Domba-domba yang salah kandang, mereka kelak akan kembali ke kandang dan gembalanya yg benar. Mungkin ada domba Nabi Muhammad yang terlahir di keluarga-keluarga Kristiani, bahkan dalam kasus ekstrim ada yg telanjur menjadi pendeta atau pastor. Pada waktunya mereka akan kembali, karena salah kandang. Demikian juga sebaliknya mungkin ada domba-domba Sang Budha yg terlahir dalam keluarga Muslim, mereka akan mendengar panggilan gembalanya dan kembali kepada Budha.
Jadi pada waktu yg tepat setiap domba yg salah kandang akan kembali kepada gembalanya masing-masing melalui berbagai cara dan berbagai jalan. Hal ini terjadi pada Larissa Chou. Apapun yg terjadi padanya hanyalah jalan untuk dia kembali kepada gembalanya dan kandangnya yg sejati.
Karena setiap orang memiliki haknya masing-masing untuk pergi dan tinggal pada gembalanya masing-masing, tidak ada gunanya mencegah dan menganiaya, bahkan membunuh mereka yang hendak meninggalkan kandang lamanya dan pergi kepada gembalanya yg sesungguhnya. Bahkan perdebatan agama tidak akan berbuah apa-apa. Tidak ada yg pindah agama gara-gara kalah berdebat karena tidak ada seorangpun yang akan kalah berdebat mempertahankan kepecayaannya. Hal itu karena semua agama adalah benar (bagi pemeluknya masing-masing). Karena semua agama adalah benar maka percuma dan usaha yg sia-sia untuk mencari-cari kesalahan suatu agama.

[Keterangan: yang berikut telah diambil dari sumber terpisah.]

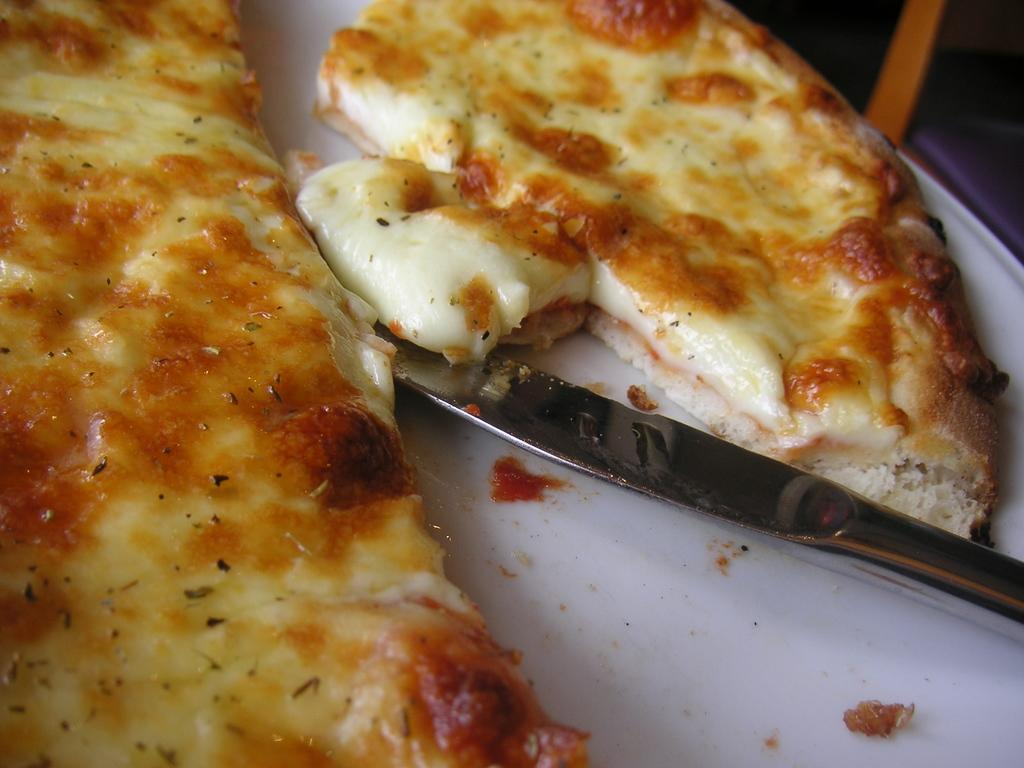What type of food can be seen in the foreground of the image? There are pieces of pizza in the foreground of the image. What utensil is present on a platter in the foreground of the image? There is a knife on a platter in the foreground of the image. Can you describe the objects in the top right corner of the image? The objects in the top right corner of the image are unclear and cannot be definitively described. What type of legal advice is the lawyer providing to the giants in the image? There is no lawyer or giants present in the image; it features pieces of pizza and a knife on a platter. What type of cream is being used to decorate the pizza in the image? There is no cream visible on the pizza in the image.

Akhir kata, marilah kita menyadari bahwa masing-masing dari kita akan sampai kepada ajalnya, dan akan menghadap Sang Pencipta. Setiap orang akan menghadap secara pribadi dan mempertanggungjawabkan dirinya masing-masing, bukan orang lain, kepada Tuhan. Karena itu mengapa harus merasa marah dan menganiaya dan membunuh mereka yang mau memilih pilihannya (agamanya) sendiri?